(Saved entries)
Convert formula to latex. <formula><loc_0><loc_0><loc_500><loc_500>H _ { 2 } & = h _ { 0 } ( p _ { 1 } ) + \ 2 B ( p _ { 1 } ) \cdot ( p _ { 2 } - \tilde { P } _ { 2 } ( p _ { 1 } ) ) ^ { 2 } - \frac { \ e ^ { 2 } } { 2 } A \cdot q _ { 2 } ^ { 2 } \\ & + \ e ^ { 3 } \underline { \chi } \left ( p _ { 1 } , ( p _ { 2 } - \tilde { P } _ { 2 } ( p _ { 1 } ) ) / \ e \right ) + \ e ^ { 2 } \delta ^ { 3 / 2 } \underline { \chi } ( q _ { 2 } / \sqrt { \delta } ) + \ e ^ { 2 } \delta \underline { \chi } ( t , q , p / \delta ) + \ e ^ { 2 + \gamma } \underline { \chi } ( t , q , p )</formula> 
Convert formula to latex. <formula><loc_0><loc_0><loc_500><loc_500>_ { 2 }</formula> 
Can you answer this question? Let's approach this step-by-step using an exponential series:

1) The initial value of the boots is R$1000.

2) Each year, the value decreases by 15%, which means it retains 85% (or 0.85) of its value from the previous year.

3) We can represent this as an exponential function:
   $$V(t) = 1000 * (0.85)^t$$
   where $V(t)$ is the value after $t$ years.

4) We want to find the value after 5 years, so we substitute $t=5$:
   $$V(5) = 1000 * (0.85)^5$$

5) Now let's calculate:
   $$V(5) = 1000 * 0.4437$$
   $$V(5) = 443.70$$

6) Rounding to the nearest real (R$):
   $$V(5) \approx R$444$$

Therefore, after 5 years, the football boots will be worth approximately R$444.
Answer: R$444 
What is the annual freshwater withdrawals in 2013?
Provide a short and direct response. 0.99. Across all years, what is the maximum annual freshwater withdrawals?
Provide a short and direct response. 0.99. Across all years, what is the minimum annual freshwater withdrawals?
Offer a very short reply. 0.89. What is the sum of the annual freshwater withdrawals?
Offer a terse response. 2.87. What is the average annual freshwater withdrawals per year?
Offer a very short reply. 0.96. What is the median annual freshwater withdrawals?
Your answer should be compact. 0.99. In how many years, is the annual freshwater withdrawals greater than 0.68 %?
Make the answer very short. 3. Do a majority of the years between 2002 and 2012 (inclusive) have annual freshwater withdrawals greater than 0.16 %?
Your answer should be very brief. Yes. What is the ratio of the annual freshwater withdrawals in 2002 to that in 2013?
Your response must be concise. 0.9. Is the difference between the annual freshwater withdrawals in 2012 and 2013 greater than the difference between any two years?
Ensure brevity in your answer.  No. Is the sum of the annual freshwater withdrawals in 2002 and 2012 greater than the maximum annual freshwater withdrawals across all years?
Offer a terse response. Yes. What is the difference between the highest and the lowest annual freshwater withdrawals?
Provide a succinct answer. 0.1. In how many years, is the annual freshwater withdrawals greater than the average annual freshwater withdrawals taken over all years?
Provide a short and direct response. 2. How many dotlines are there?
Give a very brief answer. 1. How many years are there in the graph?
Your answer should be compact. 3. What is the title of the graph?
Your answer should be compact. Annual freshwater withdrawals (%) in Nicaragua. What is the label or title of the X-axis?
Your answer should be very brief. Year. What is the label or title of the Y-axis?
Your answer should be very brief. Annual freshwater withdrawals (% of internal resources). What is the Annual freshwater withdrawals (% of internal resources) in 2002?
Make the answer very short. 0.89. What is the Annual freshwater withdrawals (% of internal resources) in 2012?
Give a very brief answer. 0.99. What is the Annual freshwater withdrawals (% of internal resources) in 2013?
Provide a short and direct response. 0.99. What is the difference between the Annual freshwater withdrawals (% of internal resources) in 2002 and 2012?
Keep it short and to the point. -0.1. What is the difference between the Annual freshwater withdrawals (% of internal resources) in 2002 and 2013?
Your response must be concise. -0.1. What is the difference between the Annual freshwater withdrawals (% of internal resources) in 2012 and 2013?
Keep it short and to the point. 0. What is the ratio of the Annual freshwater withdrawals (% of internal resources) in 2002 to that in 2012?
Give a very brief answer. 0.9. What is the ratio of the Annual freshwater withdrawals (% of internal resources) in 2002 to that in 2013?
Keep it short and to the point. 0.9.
* * *
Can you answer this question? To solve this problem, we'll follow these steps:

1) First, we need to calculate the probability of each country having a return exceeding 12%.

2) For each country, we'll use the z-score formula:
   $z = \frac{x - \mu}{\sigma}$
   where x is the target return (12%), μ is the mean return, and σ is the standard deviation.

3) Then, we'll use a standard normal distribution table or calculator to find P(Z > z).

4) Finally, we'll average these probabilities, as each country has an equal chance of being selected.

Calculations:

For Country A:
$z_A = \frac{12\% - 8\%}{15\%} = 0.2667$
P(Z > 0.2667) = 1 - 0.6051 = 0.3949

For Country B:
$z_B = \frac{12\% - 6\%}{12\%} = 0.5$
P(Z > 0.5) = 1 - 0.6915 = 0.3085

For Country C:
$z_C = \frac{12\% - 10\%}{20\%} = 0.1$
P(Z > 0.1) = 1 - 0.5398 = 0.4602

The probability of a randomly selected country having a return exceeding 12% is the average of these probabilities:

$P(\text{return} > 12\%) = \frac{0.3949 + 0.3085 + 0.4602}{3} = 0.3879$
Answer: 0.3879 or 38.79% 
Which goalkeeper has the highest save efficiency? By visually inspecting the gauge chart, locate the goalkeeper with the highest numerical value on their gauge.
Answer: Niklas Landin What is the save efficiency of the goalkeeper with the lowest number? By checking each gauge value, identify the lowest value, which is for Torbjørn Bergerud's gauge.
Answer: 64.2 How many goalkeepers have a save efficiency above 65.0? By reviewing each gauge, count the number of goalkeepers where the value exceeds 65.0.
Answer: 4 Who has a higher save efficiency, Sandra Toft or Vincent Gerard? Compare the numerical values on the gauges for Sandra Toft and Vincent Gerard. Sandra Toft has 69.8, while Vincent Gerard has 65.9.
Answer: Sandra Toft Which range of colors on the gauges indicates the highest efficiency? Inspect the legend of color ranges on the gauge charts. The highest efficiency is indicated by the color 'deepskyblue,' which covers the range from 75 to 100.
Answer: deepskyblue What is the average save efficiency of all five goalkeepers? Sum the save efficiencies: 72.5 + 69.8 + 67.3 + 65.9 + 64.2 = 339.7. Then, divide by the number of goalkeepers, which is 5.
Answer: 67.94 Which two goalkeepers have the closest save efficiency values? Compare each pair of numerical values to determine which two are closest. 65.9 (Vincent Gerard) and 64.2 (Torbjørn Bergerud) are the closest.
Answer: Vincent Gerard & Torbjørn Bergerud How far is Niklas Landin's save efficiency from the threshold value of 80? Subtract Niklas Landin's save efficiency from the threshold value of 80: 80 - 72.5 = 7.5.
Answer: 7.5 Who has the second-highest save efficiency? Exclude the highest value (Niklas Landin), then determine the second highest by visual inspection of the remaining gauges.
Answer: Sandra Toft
--
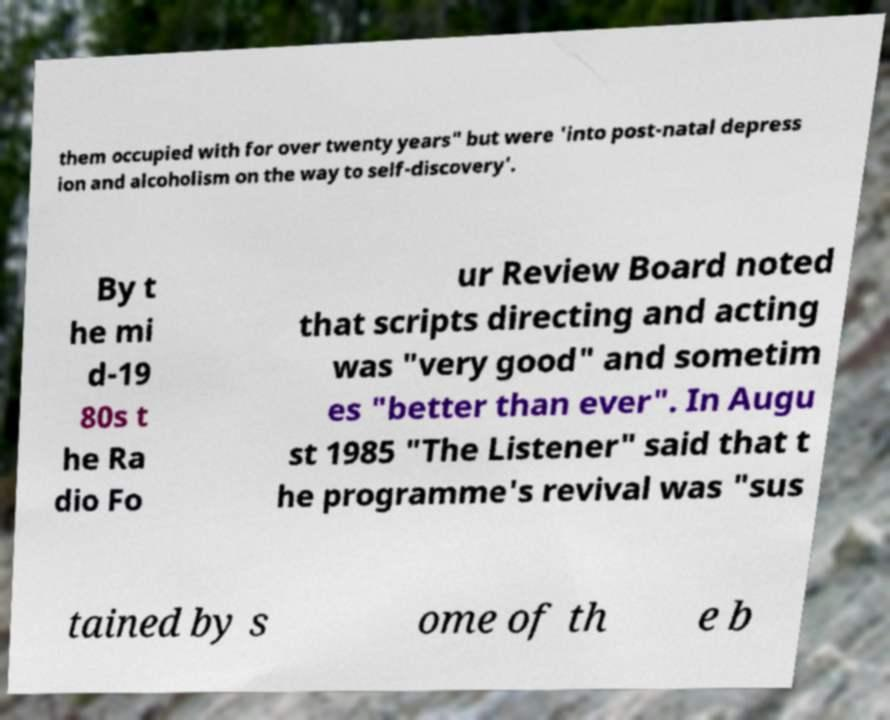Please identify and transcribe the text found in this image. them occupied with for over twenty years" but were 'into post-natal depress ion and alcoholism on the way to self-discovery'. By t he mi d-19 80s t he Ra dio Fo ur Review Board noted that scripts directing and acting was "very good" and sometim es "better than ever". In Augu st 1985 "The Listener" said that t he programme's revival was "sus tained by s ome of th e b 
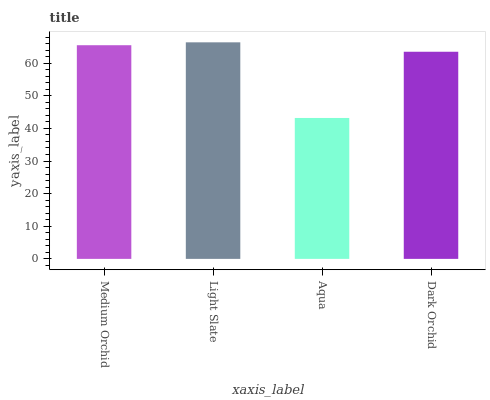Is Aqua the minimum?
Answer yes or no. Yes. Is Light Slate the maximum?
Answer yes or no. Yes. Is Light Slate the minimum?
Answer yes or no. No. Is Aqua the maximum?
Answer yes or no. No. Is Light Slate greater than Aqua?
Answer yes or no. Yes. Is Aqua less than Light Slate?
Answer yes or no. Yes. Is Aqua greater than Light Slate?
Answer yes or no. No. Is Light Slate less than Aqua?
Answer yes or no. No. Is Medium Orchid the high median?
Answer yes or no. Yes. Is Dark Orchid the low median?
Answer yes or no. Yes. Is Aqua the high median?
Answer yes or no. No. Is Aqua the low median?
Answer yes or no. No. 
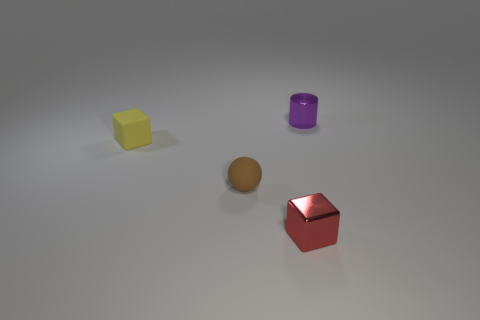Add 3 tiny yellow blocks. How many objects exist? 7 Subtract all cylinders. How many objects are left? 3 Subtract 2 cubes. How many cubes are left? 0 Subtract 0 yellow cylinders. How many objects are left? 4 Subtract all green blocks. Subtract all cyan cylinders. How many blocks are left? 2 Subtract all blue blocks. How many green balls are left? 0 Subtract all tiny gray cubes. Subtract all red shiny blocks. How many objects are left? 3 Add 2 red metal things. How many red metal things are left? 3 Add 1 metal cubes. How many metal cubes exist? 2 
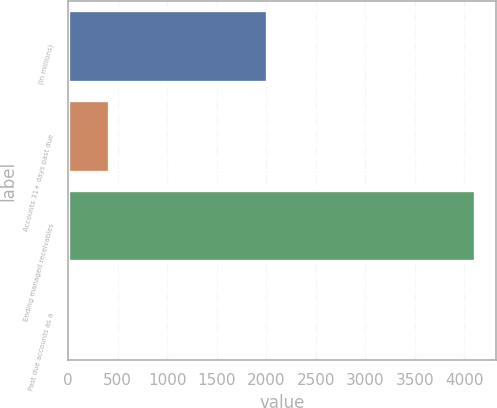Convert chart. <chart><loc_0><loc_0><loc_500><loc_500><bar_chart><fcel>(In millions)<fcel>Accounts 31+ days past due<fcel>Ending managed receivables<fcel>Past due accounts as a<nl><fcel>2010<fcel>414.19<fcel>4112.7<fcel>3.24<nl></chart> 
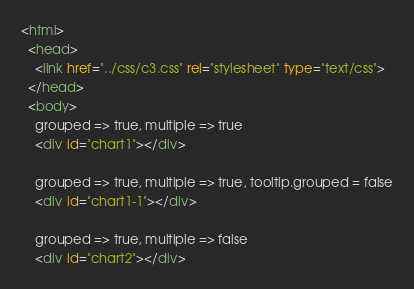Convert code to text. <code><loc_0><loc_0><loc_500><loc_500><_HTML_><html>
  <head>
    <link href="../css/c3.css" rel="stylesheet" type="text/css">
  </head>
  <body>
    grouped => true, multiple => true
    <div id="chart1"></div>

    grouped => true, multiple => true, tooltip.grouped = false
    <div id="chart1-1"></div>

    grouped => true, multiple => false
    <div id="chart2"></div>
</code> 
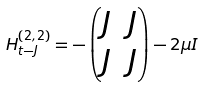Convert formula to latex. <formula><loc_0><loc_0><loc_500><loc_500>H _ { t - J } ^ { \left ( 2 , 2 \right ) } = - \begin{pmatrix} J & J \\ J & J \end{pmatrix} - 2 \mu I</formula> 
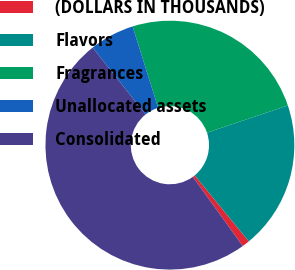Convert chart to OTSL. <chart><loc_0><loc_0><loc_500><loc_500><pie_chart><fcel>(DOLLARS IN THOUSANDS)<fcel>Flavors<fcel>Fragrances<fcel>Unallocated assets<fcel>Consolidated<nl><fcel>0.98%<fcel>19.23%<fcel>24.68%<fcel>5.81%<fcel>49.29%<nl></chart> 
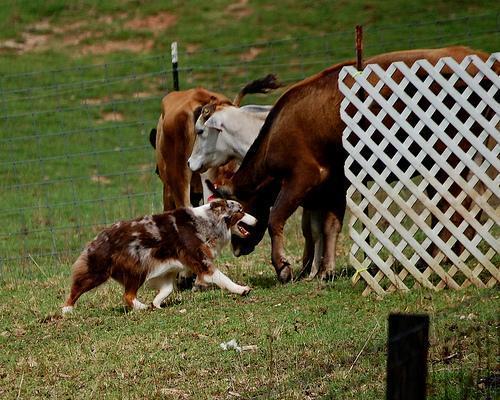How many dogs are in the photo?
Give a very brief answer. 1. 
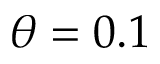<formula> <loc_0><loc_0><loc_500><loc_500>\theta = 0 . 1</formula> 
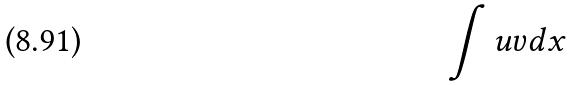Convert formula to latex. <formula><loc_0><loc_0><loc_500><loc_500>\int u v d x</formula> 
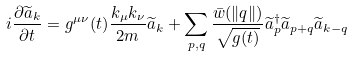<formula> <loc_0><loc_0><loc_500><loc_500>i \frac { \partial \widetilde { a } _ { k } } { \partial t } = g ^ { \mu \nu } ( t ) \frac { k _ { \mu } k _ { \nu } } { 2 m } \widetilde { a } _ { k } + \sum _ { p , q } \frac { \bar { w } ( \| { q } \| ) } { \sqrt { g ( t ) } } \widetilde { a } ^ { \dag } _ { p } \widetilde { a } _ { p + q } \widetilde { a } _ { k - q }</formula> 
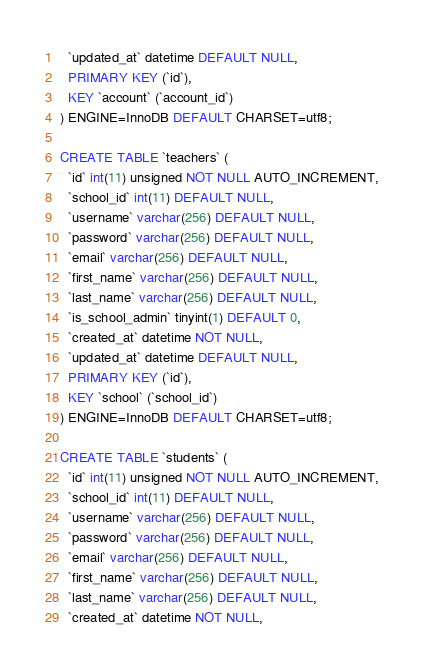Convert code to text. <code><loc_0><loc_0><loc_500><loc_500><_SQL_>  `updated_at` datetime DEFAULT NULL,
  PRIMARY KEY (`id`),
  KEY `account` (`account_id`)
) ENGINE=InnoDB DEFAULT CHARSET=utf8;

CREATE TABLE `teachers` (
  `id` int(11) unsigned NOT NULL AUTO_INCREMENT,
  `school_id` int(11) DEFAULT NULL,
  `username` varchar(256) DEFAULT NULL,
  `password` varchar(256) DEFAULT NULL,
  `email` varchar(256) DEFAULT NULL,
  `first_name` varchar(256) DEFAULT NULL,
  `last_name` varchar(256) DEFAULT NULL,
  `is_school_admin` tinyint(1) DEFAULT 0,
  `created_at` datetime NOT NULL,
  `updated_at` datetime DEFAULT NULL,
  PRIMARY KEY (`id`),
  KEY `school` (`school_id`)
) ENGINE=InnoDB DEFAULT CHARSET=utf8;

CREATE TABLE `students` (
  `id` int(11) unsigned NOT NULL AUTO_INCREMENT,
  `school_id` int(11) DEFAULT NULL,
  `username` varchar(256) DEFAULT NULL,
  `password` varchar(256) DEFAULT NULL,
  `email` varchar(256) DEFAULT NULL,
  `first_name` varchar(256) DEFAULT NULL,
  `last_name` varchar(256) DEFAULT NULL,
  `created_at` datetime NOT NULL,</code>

What is needed
From the records above, print exactly the lines that run from the line with "q , p )</formula>" to the line with "where $V(t)$ is the value after $t$ years.", inclusive.

Output of the task
Convert formula to latex. <formula><loc_0><loc_0><loc_500><loc_500>H _ { 2 } & = h _ { 0 } ( p _ { 1 } ) + \ 2 B ( p _ { 1 } ) \cdot ( p _ { 2 } - \tilde { P } _ { 2 } ( p _ { 1 } ) ) ^ { 2 } - \frac { \ e ^ { 2 } } { 2 } A \cdot q _ { 2 } ^ { 2 } \\ & + \ e ^ { 3 } \underline { \chi } \left ( p _ { 1 } , ( p _ { 2 } - \tilde { P } _ { 2 } ( p _ { 1 } ) ) / \ e \right ) + \ e ^ { 2 } \delta ^ { 3 / 2 } \underline { \chi } ( q _ { 2 } / \sqrt { \delta } ) + \ e ^ { 2 } \delta \underline { \chi } ( t , q , p / \delta ) + \ e ^ { 2 + \gamma } \underline { \chi } ( t , q , p )</formula> 
Convert formula to latex. <formula><loc_0><loc_0><loc_500><loc_500>_ { 2 }</formula> 
Can you answer this question? Let's approach this step-by-step using an exponential series:

1) The initial value of the boots is R$1000.

2) Each year, the value decreases by 15%, which means it retains 85% (or 0.85) of its value from the previous year.

3) We can represent this as an exponential function:
   $$V(t) = 1000 * (0.85)^t$$
   where $V(t)$ is the value after $t$ years.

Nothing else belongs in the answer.